Я выглянул из кибитки: всё было мрак и вихорь. Ветер выл с такой свирепой выразительностью, что казался одушевлённым; снег засыпал меня и Савельича; лошади шли шагом и скоро стали» (6, 406).
И вот что парадоксально: когда бы Гринёв приспособился к обстоятельствам, переждав, по совету ямщика, бурю па постоялом дворе, он бы не встретился с Пугачёвым в этой буре. И погиб бы неминуемо в буре бунта при самом его начале. Зримая разница между смирением и приспособляемостью.
Чем дальше мы следим за Гринёвым, тем всё более убеждаемся, что такова черта его характера: не беспокоиться за судьбу свою, вверяя её Всевышнему. Но то не пассивность вялой воли, но напротив — нравственная активность натуры. Пассивен Швабрин, когда, спасая жизнь, переходит на сторону Пугачёва. Активен Гринёв, когда смиренно готов принять собственную казнь, лишь только бы не участвовать в изменении существующего порядка вещей и не изменять своему внутреннему достоинству, которые он именует честью. Замечательно поведение Гринёва при аресте, когда, оговорённый Швабриным, он рискует потерять слишком многое, будучи причтённым несправедливо к бунтовщикам. Даже не задумавшись над возможной опасностью, он остаётся верен себе:
«Однако ж я не терял ни бодрости, ни надежды. Я прибегнул к утешению всех скорбящих и, впервые вкусив сладость молитвы, излиянной из чистого, но растерзанного сердца, спокойно заснул, не заботясь о том, что со мною будет» (6, 528).

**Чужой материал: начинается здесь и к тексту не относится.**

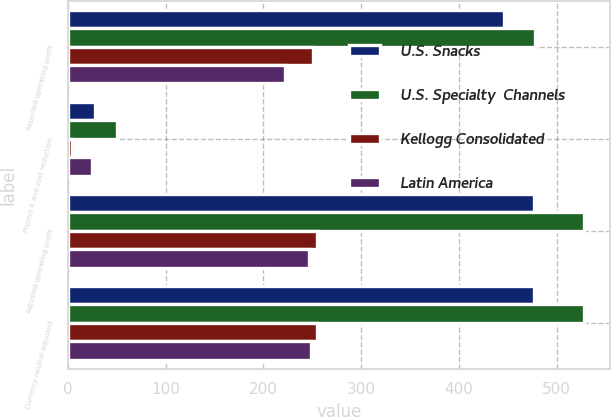Convert chart. <chart><loc_0><loc_0><loc_500><loc_500><stacked_bar_chart><ecel><fcel>Reported operating profit<fcel>Project K and cost reduction<fcel>Adjusted operating profit<fcel>Currency-neutral adjusted<nl><fcel>U.S. Snacks<fcel>446<fcel>28<fcel>477<fcel>477<nl><fcel>U.S. Specialty  Channels<fcel>478<fcel>50<fcel>528<fcel>528<nl><fcel>Kellogg Consolidated<fcel>251<fcel>4<fcel>255<fcel>255<nl><fcel>Latin America<fcel>222<fcel>25<fcel>247<fcel>249<nl></chart>

Вообще молитва оказывается важнейшим состоянием человека в пространстве «Капитанской дочки». «…Молитва, — пишет И.А.Есаулов, — возникает в тексте повести в самых кульминационных, решающих, пороговых ситуациях»107.
Молитва есть проявление духовной активности человека.
Гринёв, должно заметить, активен постоянно, но эта активность проявляется то в непосредственном и очевидном смирении, когда речь заходит о нём самом, то в волевом действии, которое основано на вере в Промысл Божий, когда возникает опасность для кого-либо из ближних. Смертельно рискуя, он отправляется в стан пугачёвцев, лишь только узнаёт о печальной участи Маши Мироновой, своей невесты. Поездка к Пугачёву — именно одно из проявлений смирения, ибо он не бунтует против Бога, но надеется на Него, на Его защиту. Оттого-то он и не боится Пугачёва, открыто признаваясь тому, что станет воевать против него, если выберется к своим цел и невредим.
Бунт ищет справедливости в человеческом понимании её. И во имя этой «справедливости» — сеет зло, страдания и смерть. Так было всегда. Но это-то — самое уязвимое место человека (когда бы он задумался над тем всерьёз). Недаром святитель Василий Великий утверждал: если бы Бог был справедлив по человеческим меркам, то никому бы не спастись.
Сознавая то, мы можем уповать единственно на милосердие.
Бунт ищет справедливости, смирение молит о милосердии.
Эта коллизия обозначена в «Капитанской дочке»: Гринёв советует Пугачёву «прибегнуть к милосердию государыни». Пугачёв отвергает: «Поздно мне каяться. Для меня не будет помилования» (6, 507).
Никогда не поздно. Благоразумный разбойник был помилован на самом пороге смерти. Нежелание каяться и отвержение надежды на милосердие есть заурядное проявление безверия.
Осмысление милости как несомненной духовной ценности становится заботою автора «Капитанской дочки». И.А.Есаулов, проведя скрупулёзный анализ текста и подтверждая свой вывод многими доказательными примерами, утверждает: «В «Капитанской дочке» замечательна последовательная ориентация на «милость» (а не правосудие) и «благодать Божию»108.
Милость истекает от Благодати. Благодать же призывается благословением. Поэтому несомненна правота Есаулова, когда он, опираясь на многие же подтверждения, делает вывод: «Не должно удивлять и то, что проблема благословения является центральной проблемой поэтики «Капитанской дочки»109.
Итак, смирение опирается на молитву и через благословение стяжает упование на милосердие Промысла, осуществляемое через земную милость человека.
Каковы же плоды того и иного типа поведения, смирения и бунта?
Гринёв «был освобождён от заключения в конце 1774 года, по именному повелению; <…> он присутствовал при казни Пугачёва, который узнал его в толпе и кивнул ему головою, которая через минуту, мёртвая и окровавленная, показана была народу. Вскоре потом Пётр Андреевич женился на Марье Ивановне. Потомство их благоденствует в Симбирской губернии…» (6, 540).